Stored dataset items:
* * * * *
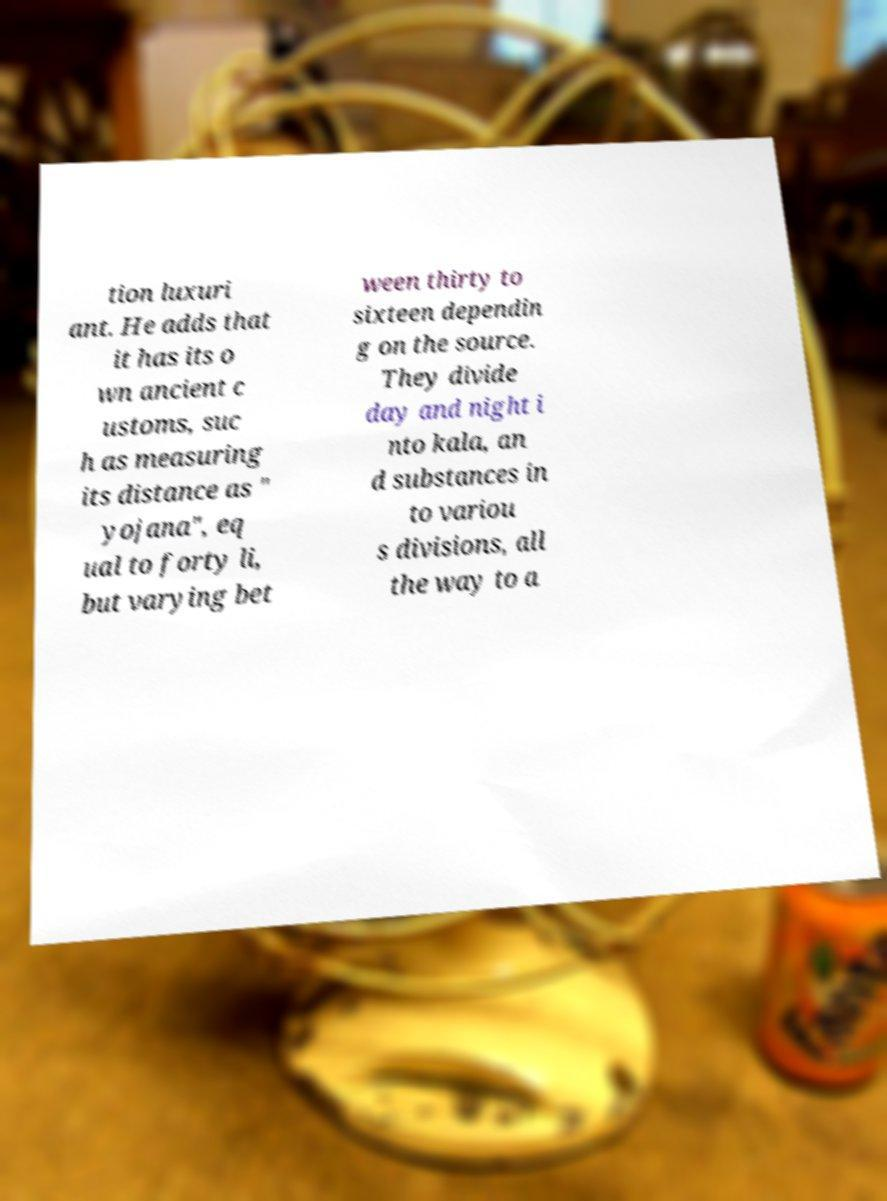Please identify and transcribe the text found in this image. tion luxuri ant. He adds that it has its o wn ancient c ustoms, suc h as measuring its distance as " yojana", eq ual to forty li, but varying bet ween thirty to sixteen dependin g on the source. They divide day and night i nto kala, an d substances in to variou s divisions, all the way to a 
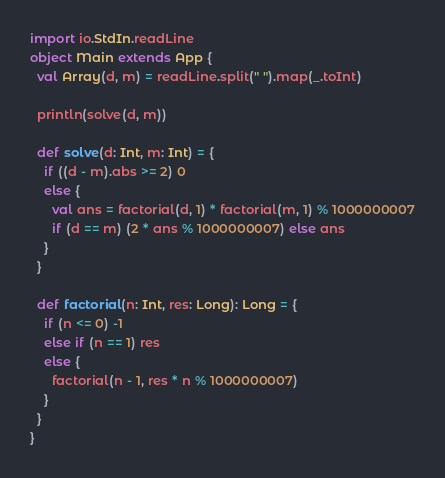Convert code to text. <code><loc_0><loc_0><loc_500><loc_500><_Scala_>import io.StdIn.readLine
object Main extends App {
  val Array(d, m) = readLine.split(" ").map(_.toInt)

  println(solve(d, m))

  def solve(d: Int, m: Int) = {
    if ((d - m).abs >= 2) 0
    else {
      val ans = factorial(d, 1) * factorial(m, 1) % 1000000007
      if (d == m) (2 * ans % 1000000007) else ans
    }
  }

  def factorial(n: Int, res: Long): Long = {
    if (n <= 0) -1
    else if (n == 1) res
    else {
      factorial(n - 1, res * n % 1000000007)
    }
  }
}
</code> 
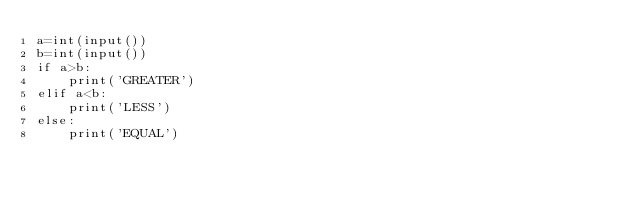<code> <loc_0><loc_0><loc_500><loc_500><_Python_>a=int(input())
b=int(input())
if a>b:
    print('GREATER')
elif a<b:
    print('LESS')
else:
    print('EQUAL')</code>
* * * * *
INSTRUCTIONS FOR THE TASK →
Using the records above, set down exactly the lines from the one with "println(solve(d, m))" through the one with "factorial(n - 1, res * n % 1000000007)", inclusive, and nothing more.

WRITTEN RESPONSE →
  println(solve(d, m))

  def solve(d: Int, m: Int) = {
    if ((d - m).abs >= 2) 0
    else {
      val ans = factorial(d, 1) * factorial(m, 1) % 1000000007
      if (d == m) (2 * ans % 1000000007) else ans
    }
  }

  def factorial(n: Int, res: Long): Long = {
    if (n <= 0) -1
    else if (n == 1) res
    else {
      factorial(n - 1, res * n % 1000000007)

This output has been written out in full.